From: Chef Eric Masson, The Brentwood, White River, NC. Yield: 4 servings.
2 racks of lamb (7-8 ribs, 14-18 oz. each)
1 Tbsp. fresh rosemary, finely chopped
4 Tbsp. olive oil
1 lb. fingerling potatoes, scrubbed and large ones cut in half
1 cup red seedless California grapes, halved
3 cloves garlic, finely minced
4 cups fresh baby spinach, washed and dried
2 shallots, finely chopped
½ cup red wine
1 cup beef stock
3 Tbsp. butter
to taste, salt and pepper
Heat oven to 450°F. Grease baking dish with olive oil. In large bowl, toss garlic, olive oil, salt, pepper and fingerling potatoes together. Place potatoes in greased pan and bake for 25-30 minutes.

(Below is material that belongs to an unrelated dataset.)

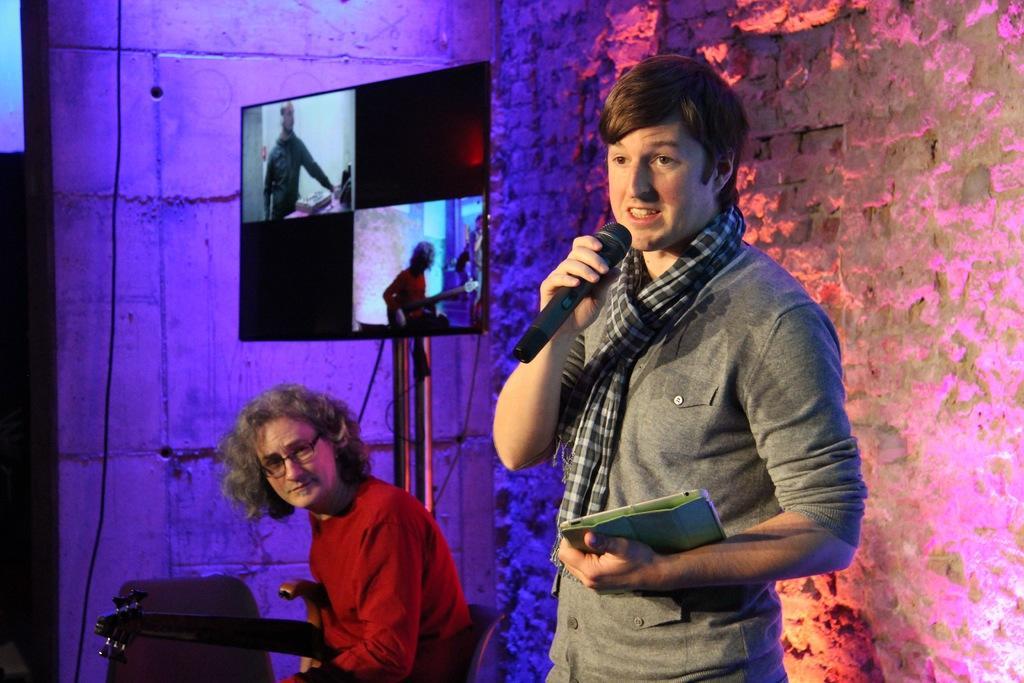Could you give a brief overview of what you see in this image? In this image I can see a man standing, holding a book in his left hand and mike in his right hand and it seems like he's speaking something. In the background I can see a wall. Beside this person there is another person wearing red color t-shirt and sitting on the chair. Behind this person there is a screen.

Cook shallots in red wine until reduced to ¼ the original quantity. Add beef stock and reduce by half. Strain sauce (Bordelaise), add salt, pepper, and stir in butter. Set aside. Rub lamb racks with salt, pepper and rosemary. Sear racks on grill or hot skillet for 3-4 minutes on each side. Finish cooking to desired temperature in hot oven for 8-15 minutes. Saute California grapes in hot olive oil for a few seconds, add garlic and baby spinach, then cook for 2-3 minutes and set aside. Let racks rest for 5-7 minutes, loosely covered, before carving between the ribs. Plate lamb with stacked-up fingerling potatoes, sauteed spinach and grapes. Spoon Bordelaise sauce over and serve.